Reproduce what is written in the records below exactly, and leave out the images.

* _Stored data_
* * * *

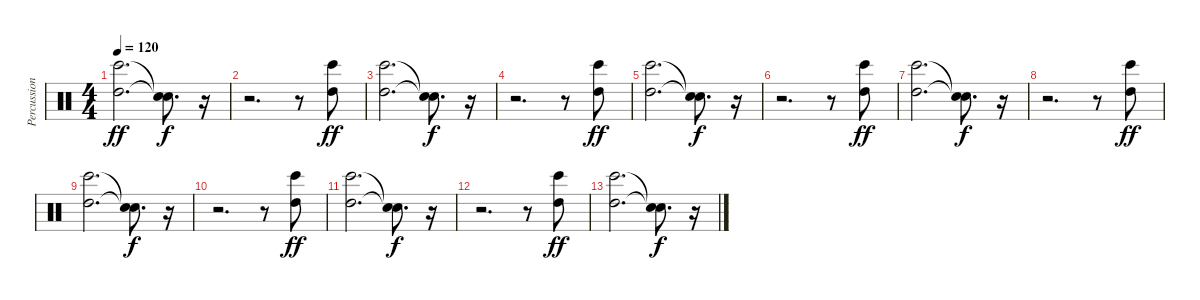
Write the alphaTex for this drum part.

\track ("Percussions2" "Percussion") {instrument percussion}
\staff {score}
\articulation defaults
\ts (4 4)
\tempo 120
\clef neutral
\ks c
("High Tom (hit)" "Bongo High (hit)").2{d dy ff} ("Snare (hit)"{t} "Snare (hit)"{t}).8{d dy f} r.16 |
r.2{d} r.8 ("High Tom (hit)" "Bongo High (hit)").8{dy ff} |
("High Tom (hit)" "Bongo High (hit)").2{d} ("Snare (hit)"{t} "Snare (hit)"{t}).8{d dy f} r.16 |
r.2{d} r.8 ("High Tom (hit)" "Bongo High (hit)").8{dy ff} |
("High Tom (hit)" "Bongo High (hit)").2{d} ("Snare (hit)"{t} "Snare (hit)"{t}).8{d dy f} r.16 |
r.2{d} r.8 ("High Tom (hit)" "Bongo High (hit)").8{dy ff} |
("High Tom (hit)" "Bongo High (hit)").2{d} ("Snare (hit)"{t} "Snare (hit)"{t}).8{d dy f} r.16 |
r.2{d} r.8 ("High Tom (hit)" "Bongo High (hit)").8{dy ff} |
("High Tom (hit)" "Bongo High (hit)").2{d} ("Snare (hit)"{t} "Snare (hit)"{t}).8{d dy f} r.16 |
r.2{d} r.8 ("High Tom (hit)" "Bongo High (hit)").8{dy ff} |
("High Tom (hit)" "Bongo High (hit)").2{d} ("Snare (hit)"{t} "Snare (hit)"{t}).8{d dy f} r.16 |
r.2{d} r.8 ("High Tom (hit)" "Bongo High (hit)").8{dy ff} |
("High Tom (hit)" "Bongo High (hit)").2{d} ("Snare (hit)"{t} "Snare (hit)"{t}).8{d dy f} r.16

* * * *

* _OUTPUT OF THE EXERCISE_
Write the alphaTex for this drum part.

\track ("Percussions2" "Percussion") {instrument percussion}
\staff {score}
\articulation defaults
\ts (4 4)
\tempo 120
\clef neutral
\ks c
("High Tom (hit)" "Bongo High (hit)").2{d dy ff} ("Snare (hit)"{t} "Snare (hit)"{t}).8{d dy f} r.16 |
r.2{d} r.8 ("High Tom (hit)" "Bongo High (hit)").8{dy ff} |
("High Tom (hit)" "Bongo High (hit)").2{d} ("Snare (hit)"{t} "Snare (hit)"{t}).8{d dy f} r.16 |
r.2{d} r.8 ("High Tom (hit)" "Bongo High (hit)").8{dy ff} |
("High Tom (hit)" "Bongo High (hit)").2{d} ("Snare (hit)"{t} "Snare (hit)"{t}).8{d dy f} r.16 |
r.2{d} r.8 ("High Tom (hit)" "Bongo High (hit)").8{dy ff} |
("High Tom (hit)" "Bongo High (hit)").2{d} ("Snare (hit)"{t} "Snare (hit)"{t}).8{d dy f} r.16 |
r.2{d} r.8 ("High Tom (hit)" "Bongo High (hit)").8{dy ff} |
("High Tom (hit)" "Bongo High (hit)").2{d} ("Snare (hit)"{t} "Snare (hit)"{t}).8{d dy f} r.16 |
r.2{d} r.8 ("High Tom (hit)" "Bongo High (hit)").8{dy ff} |
("High Tom (hit)" "Bongo High (hit)").2{d} ("Snare (hit)"{t} "Snare (hit)"{t}).8{d dy f} r.16 |
r.2{d} r.8 ("High Tom (hit)" "Bongo High (hit)").8{dy ff} |
("High Tom (hit)" "Bongo High (hit)").2{d} ("Snare (hit)"{t} "Snare (hit)"{t}).8{d dy f} r.16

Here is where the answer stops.